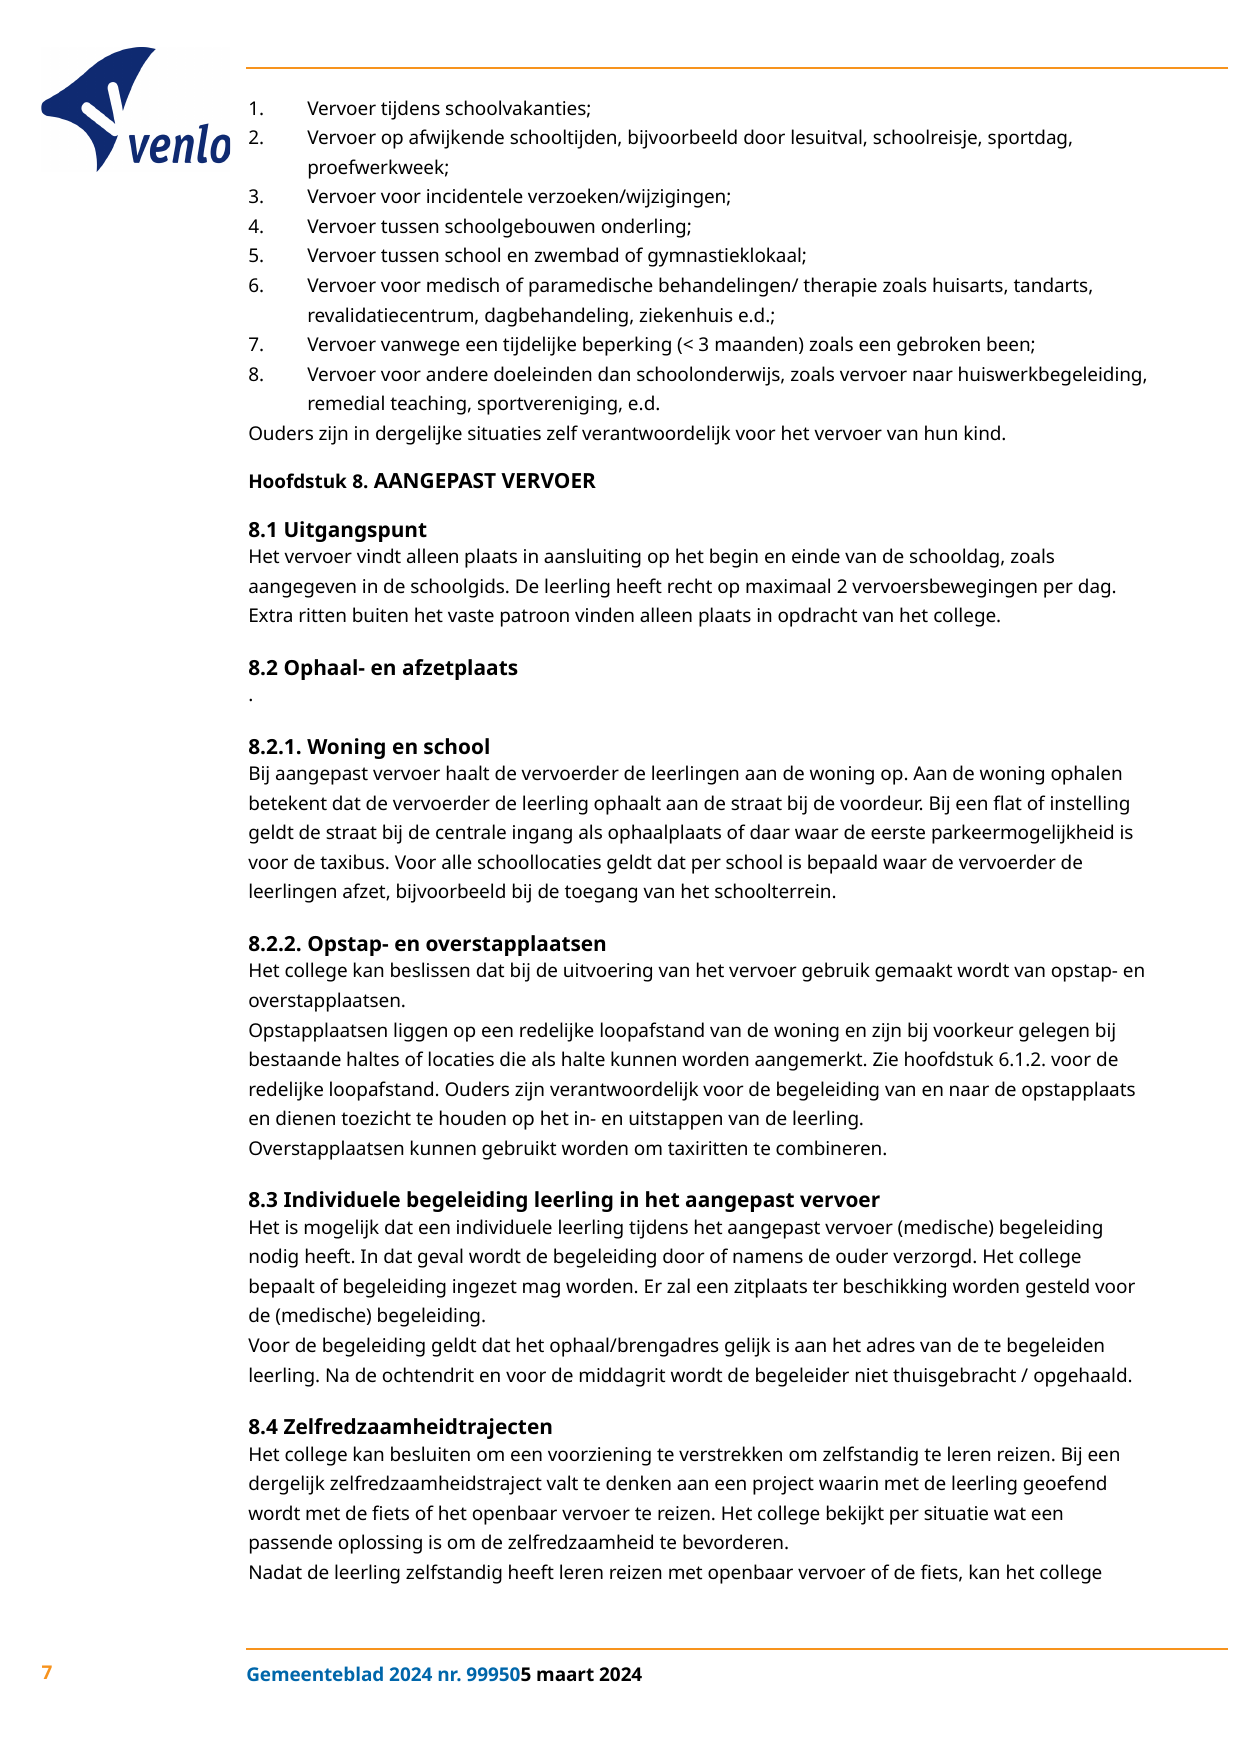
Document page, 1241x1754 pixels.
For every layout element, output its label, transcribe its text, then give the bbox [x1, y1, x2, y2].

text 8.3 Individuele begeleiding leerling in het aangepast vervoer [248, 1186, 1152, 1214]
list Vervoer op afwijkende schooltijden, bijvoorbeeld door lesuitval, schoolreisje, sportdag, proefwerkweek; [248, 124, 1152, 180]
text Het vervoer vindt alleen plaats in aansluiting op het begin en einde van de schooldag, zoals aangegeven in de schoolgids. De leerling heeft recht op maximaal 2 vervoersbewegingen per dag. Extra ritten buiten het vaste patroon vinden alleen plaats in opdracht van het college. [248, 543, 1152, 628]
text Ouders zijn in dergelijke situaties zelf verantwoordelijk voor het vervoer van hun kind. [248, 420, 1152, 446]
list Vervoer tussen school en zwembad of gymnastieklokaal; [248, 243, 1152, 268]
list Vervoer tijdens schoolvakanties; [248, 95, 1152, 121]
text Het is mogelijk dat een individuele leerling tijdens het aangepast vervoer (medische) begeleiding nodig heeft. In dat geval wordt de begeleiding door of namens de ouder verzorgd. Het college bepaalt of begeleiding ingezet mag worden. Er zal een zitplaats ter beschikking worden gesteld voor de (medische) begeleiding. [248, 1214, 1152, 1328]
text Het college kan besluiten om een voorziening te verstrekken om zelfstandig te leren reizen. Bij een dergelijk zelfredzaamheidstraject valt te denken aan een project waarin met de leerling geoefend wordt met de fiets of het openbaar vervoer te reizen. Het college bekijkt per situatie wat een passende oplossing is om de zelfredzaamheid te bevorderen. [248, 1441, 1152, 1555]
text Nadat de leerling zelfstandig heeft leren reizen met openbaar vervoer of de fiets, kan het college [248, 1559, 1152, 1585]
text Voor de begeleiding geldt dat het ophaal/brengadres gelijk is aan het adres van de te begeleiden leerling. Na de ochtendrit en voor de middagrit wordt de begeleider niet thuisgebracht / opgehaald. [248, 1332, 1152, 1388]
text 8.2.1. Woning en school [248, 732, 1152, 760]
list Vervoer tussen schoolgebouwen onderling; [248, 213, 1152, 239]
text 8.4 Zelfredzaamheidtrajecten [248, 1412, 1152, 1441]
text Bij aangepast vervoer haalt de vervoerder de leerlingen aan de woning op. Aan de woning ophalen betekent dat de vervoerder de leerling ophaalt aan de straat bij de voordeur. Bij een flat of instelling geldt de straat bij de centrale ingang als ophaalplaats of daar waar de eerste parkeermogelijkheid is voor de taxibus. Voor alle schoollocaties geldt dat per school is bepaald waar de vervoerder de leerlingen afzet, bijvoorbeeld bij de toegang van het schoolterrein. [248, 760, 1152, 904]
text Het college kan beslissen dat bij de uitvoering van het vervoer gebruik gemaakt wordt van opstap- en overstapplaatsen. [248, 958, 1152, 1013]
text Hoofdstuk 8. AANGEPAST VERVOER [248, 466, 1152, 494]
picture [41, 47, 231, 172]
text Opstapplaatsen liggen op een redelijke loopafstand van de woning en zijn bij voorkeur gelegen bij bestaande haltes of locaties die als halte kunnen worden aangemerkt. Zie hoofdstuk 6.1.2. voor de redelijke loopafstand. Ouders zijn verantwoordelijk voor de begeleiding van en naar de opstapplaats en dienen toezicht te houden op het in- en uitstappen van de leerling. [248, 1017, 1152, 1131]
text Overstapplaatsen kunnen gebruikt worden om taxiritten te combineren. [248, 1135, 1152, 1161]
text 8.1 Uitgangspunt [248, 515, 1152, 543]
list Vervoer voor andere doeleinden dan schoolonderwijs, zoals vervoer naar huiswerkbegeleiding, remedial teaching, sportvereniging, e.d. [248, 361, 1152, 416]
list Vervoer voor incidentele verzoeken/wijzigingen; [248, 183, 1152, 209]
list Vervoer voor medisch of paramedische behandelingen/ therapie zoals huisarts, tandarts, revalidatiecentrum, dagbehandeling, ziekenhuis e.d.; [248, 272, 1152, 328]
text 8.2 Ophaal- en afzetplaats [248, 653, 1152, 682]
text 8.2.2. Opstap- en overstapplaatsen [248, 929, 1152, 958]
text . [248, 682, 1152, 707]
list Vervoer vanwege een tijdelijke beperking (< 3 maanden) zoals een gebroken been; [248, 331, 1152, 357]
──────────
#### TASK DESCRIPTION
Omit pictures; set down the rest of the material word for word.

#### RESULT FOR THIS EXERCISE
Document page, 1241x1754 pixels.
For every layout element, output its label, transcribe its text, then give the bbox [x1, y1, x2, y2].

text 8.3 Individuele begeleiding leerling in het aangepast vervoer [248, 1186, 1152, 1214]
list Vervoer op afwijkende schooltijden, bijvoorbeeld door lesuitval, schoolreisje, sportdag, proefwerkweek; [248, 124, 1152, 180]
text Het vervoer vindt alleen plaats in aansluiting op het begin en einde van de schooldag, zoals aangegeven in de schoolgids. De leerling heeft recht op maximaal 2 vervoersbewegingen per dag. Extra ritten buiten het vaste patroon vinden alleen plaats in opdracht van het college. [248, 543, 1152, 628]
text Ouders zijn in dergelijke situaties zelf verantwoordelijk voor het vervoer van hun kind. [248, 420, 1152, 446]
list Vervoer tussen school en zwembad of gymnastieklokaal; [248, 243, 1152, 268]
list Vervoer tijdens schoolvakanties; [248, 95, 1152, 121]
text Het is mogelijk dat een individuele leerling tijdens het aangepast vervoer (medische) begeleiding nodig heeft. In dat geval wordt de begeleiding door of namens de ouder verzorgd. Het college bepaalt of begeleiding ingezet mag worden. Er zal een zitplaats ter beschikking worden gesteld voor de (medische) begeleiding. [248, 1214, 1152, 1328]
text Het college kan besluiten om een voorziening te verstrekken om zelfstandig te leren reizen. Bij een dergelijk zelfredzaamheidstraject valt te denken aan een project waarin met de leerling geoefend wordt met de fiets of het openbaar vervoer te reizen. Het college bekijkt per situatie wat een passende oplossing is om de zelfredzaamheid te bevorderen. [248, 1441, 1152, 1555]
text Nadat de leerling zelfstandig heeft leren reizen met openbaar vervoer of de fiets, kan het college [248, 1559, 1152, 1585]
text Voor de begeleiding geldt dat het ophaal/brengadres gelijk is aan het adres van de te begeleiden leerling. Na de ochtendrit en voor de middagrit wordt de begeleider niet thuisgebracht / opgehaald. [248, 1332, 1152, 1388]
text 8.2.1. Woning en school [248, 732, 1152, 760]
list Vervoer tussen schoolgebouwen onderling; [248, 213, 1152, 239]
text 8.4 Zelfredzaamheidtrajecten [248, 1412, 1152, 1441]
text Bij aangepast vervoer haalt de vervoerder de leerlingen aan de woning op. Aan de woning ophalen betekent dat de vervoerder de leerling ophaalt aan de straat bij de voordeur. Bij een flat of instelling geldt de straat bij de centrale ingang als ophaalplaats of daar waar de eerste parkeermogelijkheid is voor de taxibus. Voor alle schoollocaties geldt dat per school is bepaald waar de vervoerder de leerlingen afzet, bijvoorbeeld bij de toegang van het schoolterrein. [248, 760, 1152, 904]
text Het college kan beslissen dat bij de uitvoering van het vervoer gebruik gemaakt wordt van opstap- en overstapplaatsen. [248, 958, 1152, 1013]
text Hoofdstuk 8. AANGEPAST VERVOER [248, 466, 1152, 494]
picture [41, 47, 231, 172]
text Opstapplaatsen liggen op een redelijke loopafstand van de woning en zijn bij voorkeur gelegen bij bestaande haltes of locaties die als halte kunnen worden aangemerkt. Zie hoofdstuk 6.1.2. voor de redelijke loopafstand. Ouders zijn verantwoordelijk voor de begeleiding van en naar de opstapplaats en dienen toezicht te houden op het in- en uitstappen van de leerling. [248, 1017, 1152, 1131]
text Overstapplaatsen kunnen gebruikt worden om taxiritten te combineren. [248, 1135, 1152, 1161]
text 8.1 Uitgangspunt [248, 515, 1152, 543]
list Vervoer voor andere doeleinden dan schoolonderwijs, zoals vervoer naar huiswerkbegeleiding, remedial teaching, sportvereniging, e.d. [248, 361, 1152, 416]
list Vervoer voor incidentele verzoeken/wijzigingen; [248, 183, 1152, 209]
list Vervoer voor medisch of paramedische behandelingen/ therapie zoals huisarts, tandarts, revalidatiecentrum, dagbehandeling, ziekenhuis e.d.; [248, 272, 1152, 328]
text 8.2 Ophaal- en afzetplaats [248, 653, 1152, 682]
text 8.2.2. Opstap- en overstapplaatsen [248, 929, 1152, 958]
text . [248, 682, 1152, 707]
list Vervoer vanwege een tijdelijke beperking (< 3 maanden) zoals een gebroken been; [248, 331, 1152, 357]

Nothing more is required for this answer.